2.5. Integration of Product Quality Level with Life-Cycle Environmental Impact (LCA) and Interpretation of Results

As part of determining the aggregate QE indicator, the expert (taking into account customer expectations) determines the ratio of importance (weights) of quality to the environment, in terms of the use of the product by the customer. Weights are given on a scale from <0;1>, where 0—not important, 1—absolutely important. Then, quality and environmental aspects are given importance in the context of defining product-improvement activities (2):
q i = w Q × Q i     for   the   quality   level   e i = w E × E i     for   environmental   load
where: wQ—importance (weight) of the quality level, w E —importance (weight) of the product’s environmental impact in LCA according to the environmental burden criterion, Q—quality level, E—environmental impact, and i—product and its alternative.
The aggregation and interpretation of the quality and environmental indicators are carried out according to the modified IPA model (importance-performance analysis) [45]. This model is universal and allows one to determine the direction of product development in terms of any aspects whose values have any scale of assessment. It was considered reasonable in this procedure because the quality-level values range from 0 to 1, while the environmental load values may vary (depending on the product type, system boundaries, functional unit, etc.). Detailed characteristics of IPA are presented in the literature on the subject, e.g., in [31]. Due to this fact, IPA is assumed to be created according to the value of the weighted quality level and the weighted environmental impact, as shown in Figure 2.
The layout of the lines depends on the entity using the proposed procedure. This results from the assumptions of the expected (satisfactory) level of quality and also the environmental impact that may be considered acceptable. Often, the matrix is created depending on the dispersion characteristics of the data. Therefore, it is not possible to clearly indicate the optimal and universal division.
The “concentrate here” area is the most favourable and indicates that the product quality and its environmental impact are satisfactory, i.e., high quality and low environmental impact. This area means that the product can be improved, but its current condition is satisfactory to the customer and has the lowest possible negative impact on the environment. The area of “keep up the good work” is a promising area but requires further improvement—mainly in the qualitative area. During the process of improving product quality, remember to maintain or, if possible, minimise the environmental impact. The “low-priority” area means that the product may be of high quality, but its environmental impact is high.
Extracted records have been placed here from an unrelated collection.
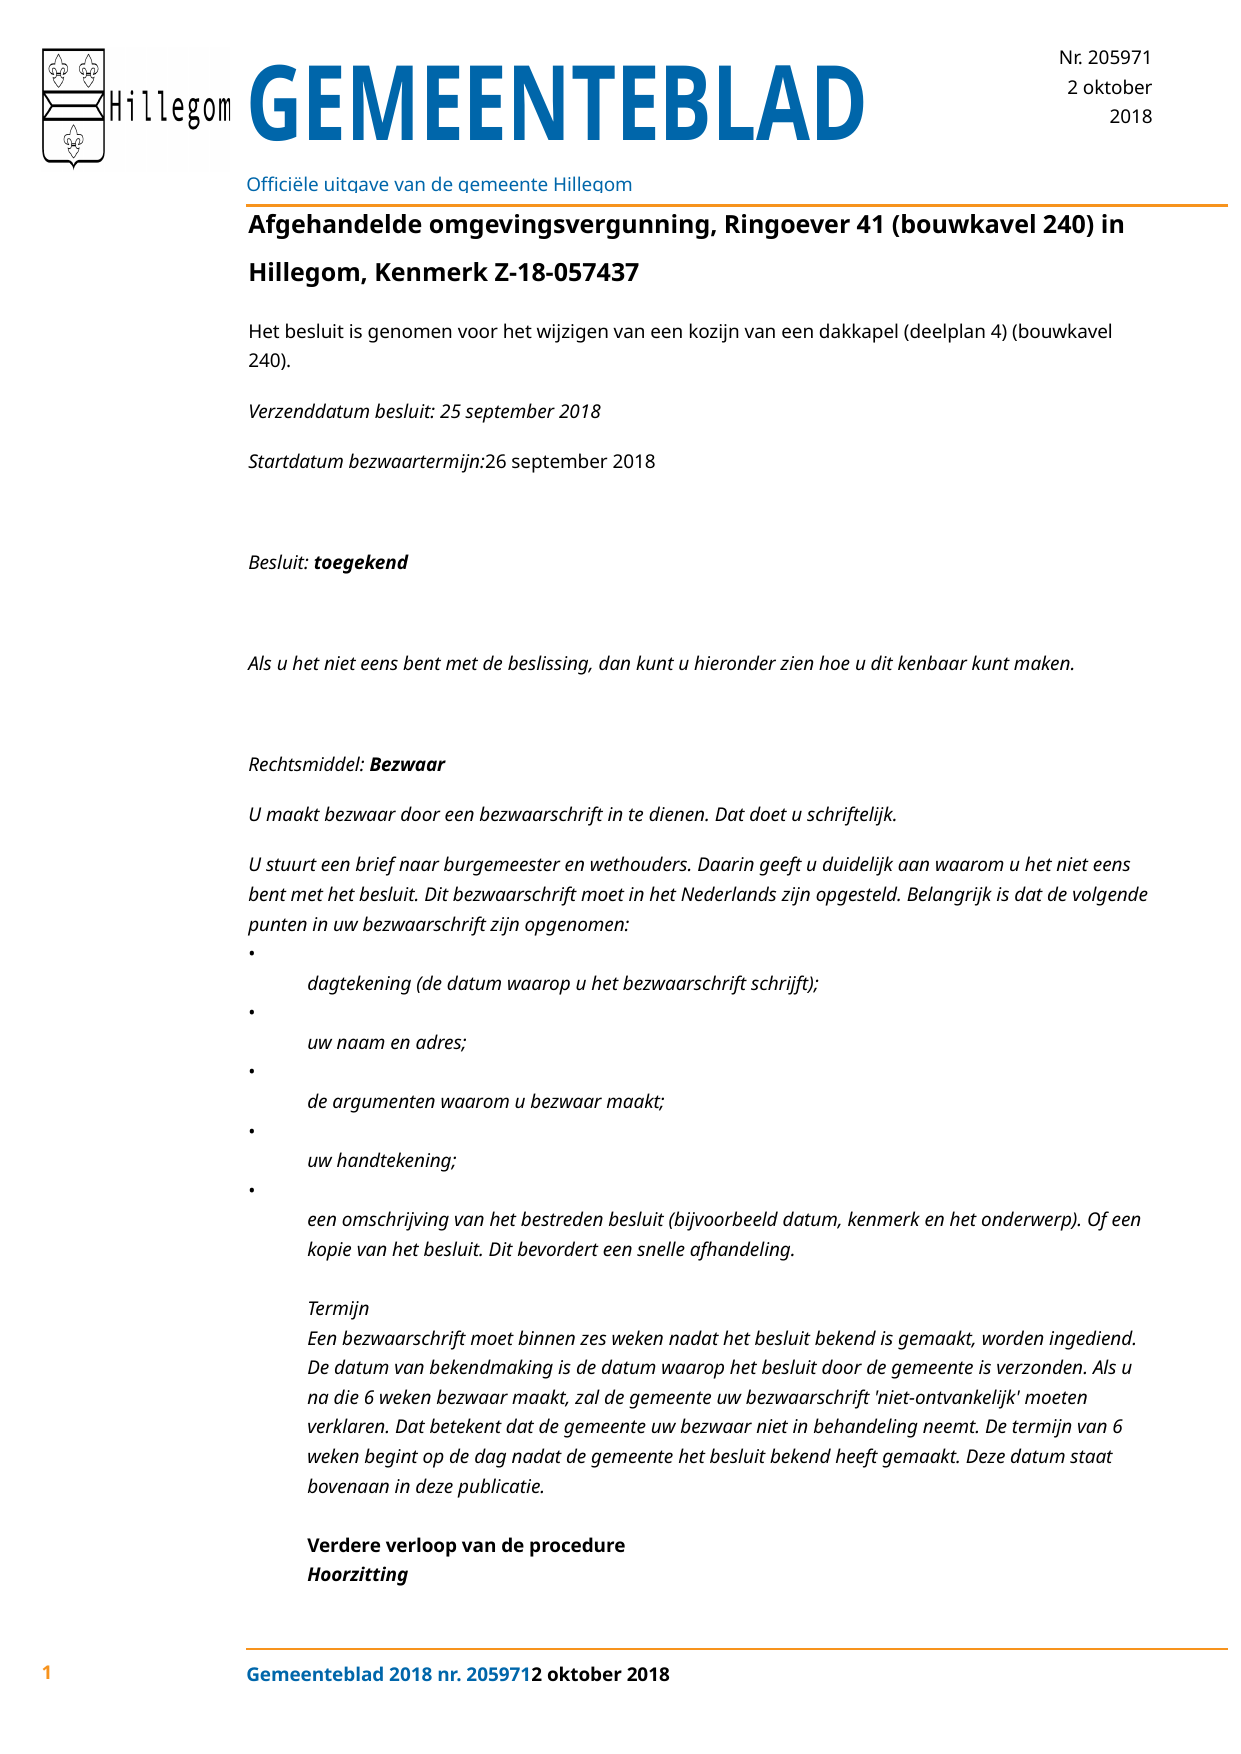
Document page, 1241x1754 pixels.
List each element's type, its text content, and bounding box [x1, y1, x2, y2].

text Rechtsmiddel: Bezwaar [248, 751, 1152, 777]
list Hoorzitting [248, 1562, 1152, 1587]
text Afgehandelde omgevingsvergunning, Ringoever 41 (bouwkavel 240) in Hillegom, Kenmerk Z-18-057437 [248, 207, 1152, 288]
text Verzenddatum besluit: 25 september 2018 [248, 398, 1152, 424]
list dagtekening (de datum waarop u het bezwaarschrift schrijft); [248, 970, 1152, 996]
list de argumenten waarom u bezwaar maakt; [248, 1088, 1152, 1114]
text Besluit: toegekend [248, 549, 1152, 575]
text U stuurt een brief naar burgemeester en wethouders. Daarin geeft u duidelijk aan waarom u het niet eens bent met het besluit. Dit bezwaarschrift moet in het Nederlands zijn opgesteld. Belangrijk is dat de volgende punten in uw bezwaarschrift zijn opgenomen: [248, 852, 1152, 937]
text Startdatum bezwaartermijn:26 september 2018 [248, 448, 1152, 474]
picture [41, 47, 231, 172]
text Het besluit is genomen voor het wijzigen van een kozijn van een dakkapel (deelplan 4) (bouwkavel 240). [248, 318, 1152, 373]
text Als u het niet eens bent met de beslissing, dan kunt u hieronder zien hoe u dit kenbaar kunt maken. [248, 650, 1152, 676]
text U maakt bezwaar door een bezwaarschrift in te dienen. Dat doet u schriftelijk. [248, 801, 1152, 827]
list uw handtekening; [248, 1147, 1152, 1173]
list Een bezwaarschrift moet binnen zes weken nadat het besluit bekend is gemaakt, worden ingediend. De datum van bekendmaking is de datum waarop het besluit door de gemeente is verzonden. Als u na die 6 weken bezwaar maakt, zal de gemeente uw bezwaarschrift 'niet-ontvankelijk' moeten verklaren. Dat betekent dat de gemeente uw bezwaar niet in behandeling neemt. De termijn van 6 weken begint op de dag nadat de gemeente het besluit bekend heeft gemaakt. Deze datum staat bovenaan in deze publicatie. [248, 1325, 1152, 1499]
list Termijn [248, 1295, 1152, 1321]
list uw naam en adres; [248, 1029, 1152, 1055]
list een omschrijving van het bestreden besluit (bijvoorbeeld datum, kenmerk en het onderwerp). Of een kopie van het besluit. Dit bevordert een snelle afhandeling. [248, 1207, 1152, 1262]
list Verdere verloop van de procedure [248, 1532, 1152, 1558]
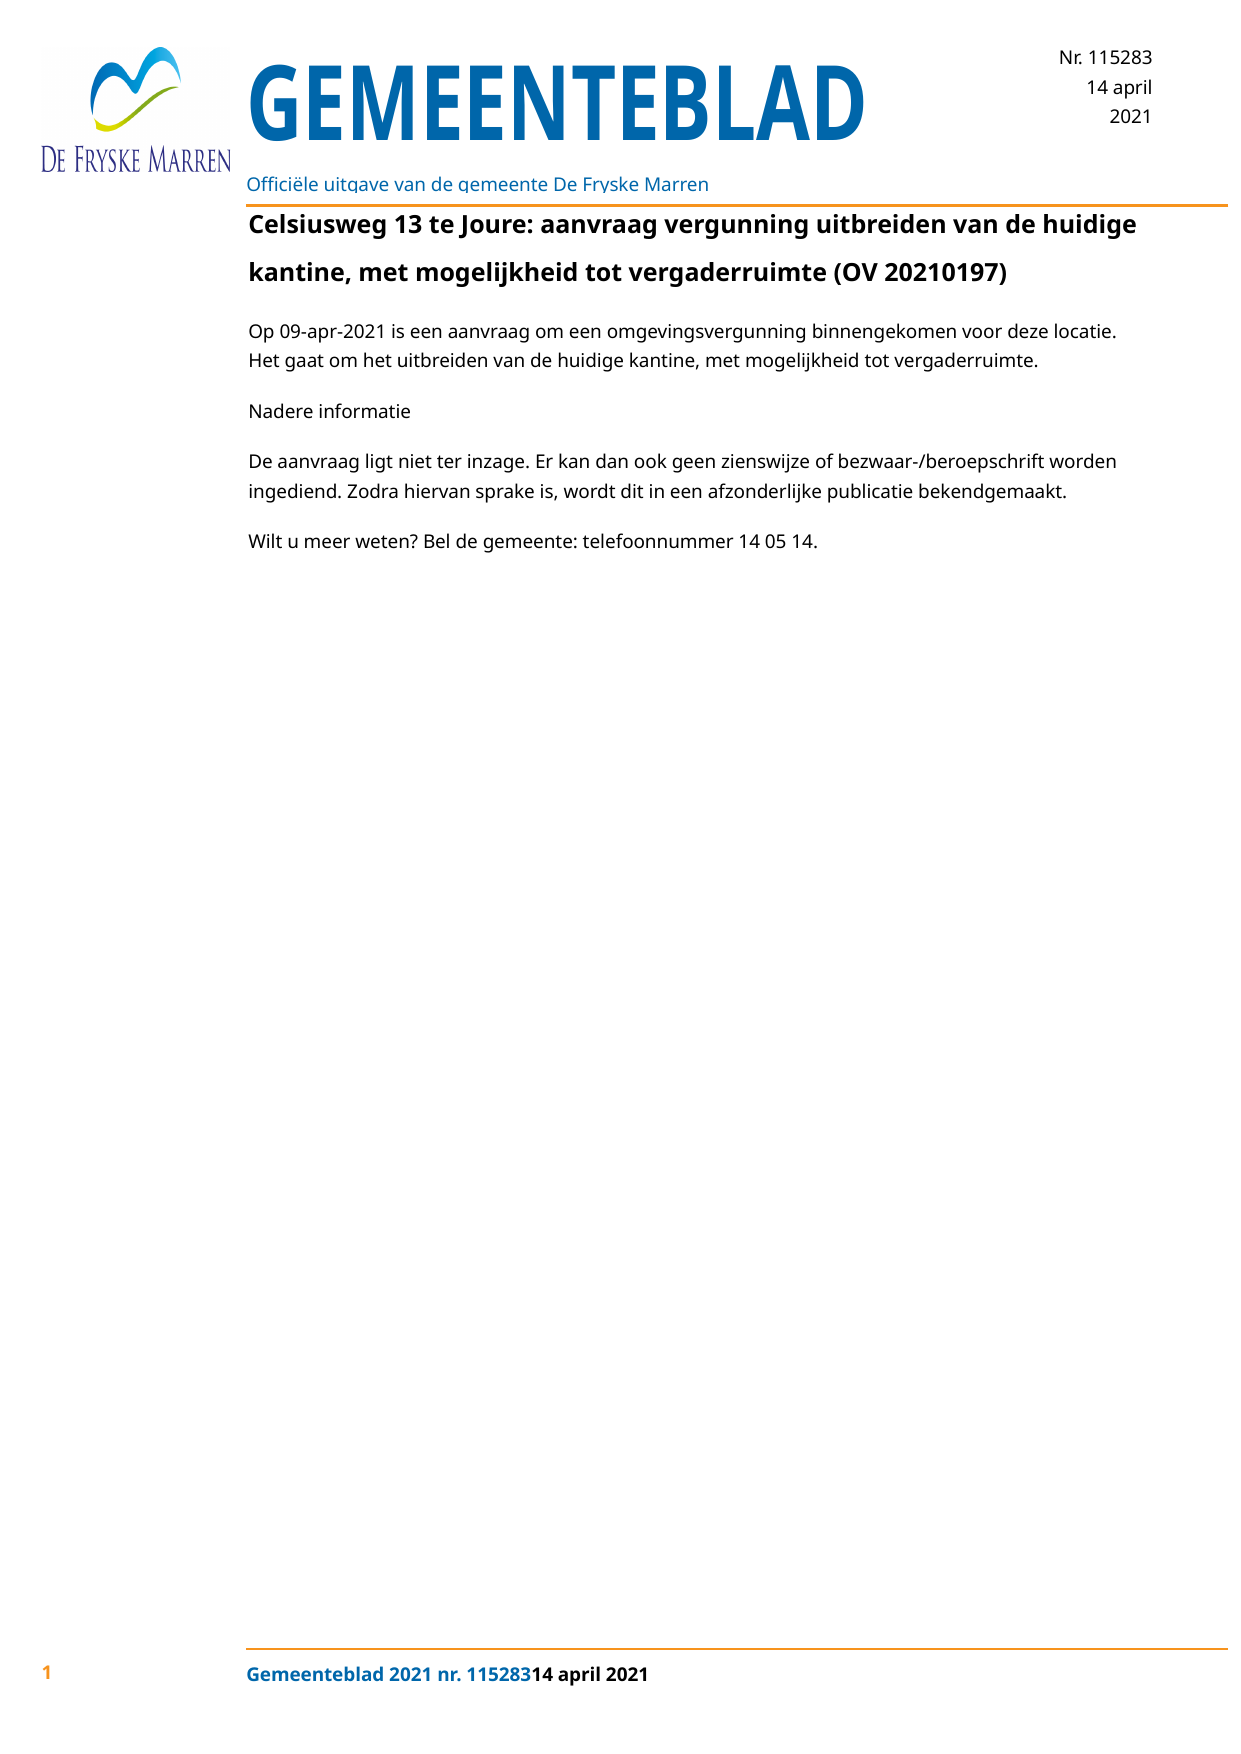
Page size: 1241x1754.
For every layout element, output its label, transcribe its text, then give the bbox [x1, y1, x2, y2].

text Op 09-apr-2021 is een aanvraag om een omgevingsvergunning binnengekomen voor deze locatie. Het gaat om het uitbreiden van de huidige kantine, met mogelijkheid tot vergaderruimte. [248, 318, 1152, 373]
text Wilt u meer weten? Bel de gemeente: telefoonnummer 14 05 14. [248, 528, 1152, 554]
text De aanvraag ligt niet ter inzage. Er kan dan ook geen zienswijze of bezwaar-/beroepschrift worden ingediend. Zodra hiervan sprake is, wordt dit in een afzonderlijke publicatie bekendgemaakt. [248, 448, 1152, 504]
text Nadere informatie [248, 398, 1152, 424]
text Celsiusweg 13 te Joure: aanvraag vergunning uitbreiden van de huidige kantine, met mogelijkheid tot vergaderruimte (OV 20210197) [248, 207, 1152, 288]
picture [41, 47, 231, 172]

Therefore, it is not desirable to achieve this in the era of sustainable product development. Similarly, the “possible overkill” area presents both a high negative environmental impact and a low level of quality. This indicates low customer satisfaction and environmental neglect.
Based on the results of the presented IPA model, the direction of product improvement in terms of quality and environment is determined. The basic conclusion that can be drawn after using the proposed method is to obtain a ranking list that can be used by the decisionmaker in selecting the prototype for production, which, in addition to providing customer satisfaction, will also practically implement the idea of sustainable development. This decisionmaker may be, for example, a manufacturer, a bidder, or a broker. Other implications of the results for the beverage-packaging industry in terms of improving product quality and reducing environmental impact also include (i) the possibility of specifying the direction of development of these packagings in terms of quality and environment (increased customer satisfaction and reducing the negative environmental impact), (ii) reducing the waste of resources by avoiding actions that are unnecessary or unexpected by customers, or that are less beneficial for the environment as a whole, and (iii) supporting the sustainable development of these products by not only selecting the most advantageous production solutions but also solutions that should be avoided and also have a development perspective in the future. This provides some flexibility of the proposed procedure and the possibility of adapting it to various products and products in various stages of development.

3. Results

The sustainable development of companies encourages them to take actions in line with customer expectations while limiting the negative impact on the environment. In recent years, there has been a decline in steel cans and a significant increase in the number of lightweight aluminium or plastic cans. In the development context, the largest source of use of this type of product is the food industry (95%) [37]. A certain product innovation of cans is the “chill-on-demand” system, which is a technology that supports rapid cooling on demand. This system is considered promising for reducing negative climate changes and, above all, reducing greenhouse gases. The main aspect that leads to these conclusions is the possibility of using this system in place of refrigerators and coolers, which are very popular in low-income countries, and often middle-income ones, and where their use is not excluded even in wealthy countries [47].
Therefore, it was considered reasonable to select the mentioned self-cooling beverage can (with the chill-on-demand system) for the test procedure. Due to the fact that its main advantage is the ability to reduce greenhouse gases, the life-cycle assessment was concerned with the carbon footprint, which is one of the most popular criteria in this type of analysis. The carbon footprint is the total amount of greenhouse gases emitted during the product’s life cycle. The conversion unit is the equivalent of CO2 (CO2e) [48,49]. The mentioned equivalent is understood as a way to measure and compare the impact of different greenhouse gases, presented in terms of the equivalent warming effect in relation to carbon dioxide over a specific time period, usually 100 years [50]. There are many methodologies and paths used to calculate the carbon footprint of both an organization and a product. For this reason, the article is not limited to a specific methodology. The selection of a specific methodology was left to the expert performing the assessment. As a competent person, he will select a method appropriate to the product, company, and environment. The most frequently used are international standards; the most popular of which is The Greenhouse Gas Protocol. The test procedure is presented in the five main steps adopted in the general approach.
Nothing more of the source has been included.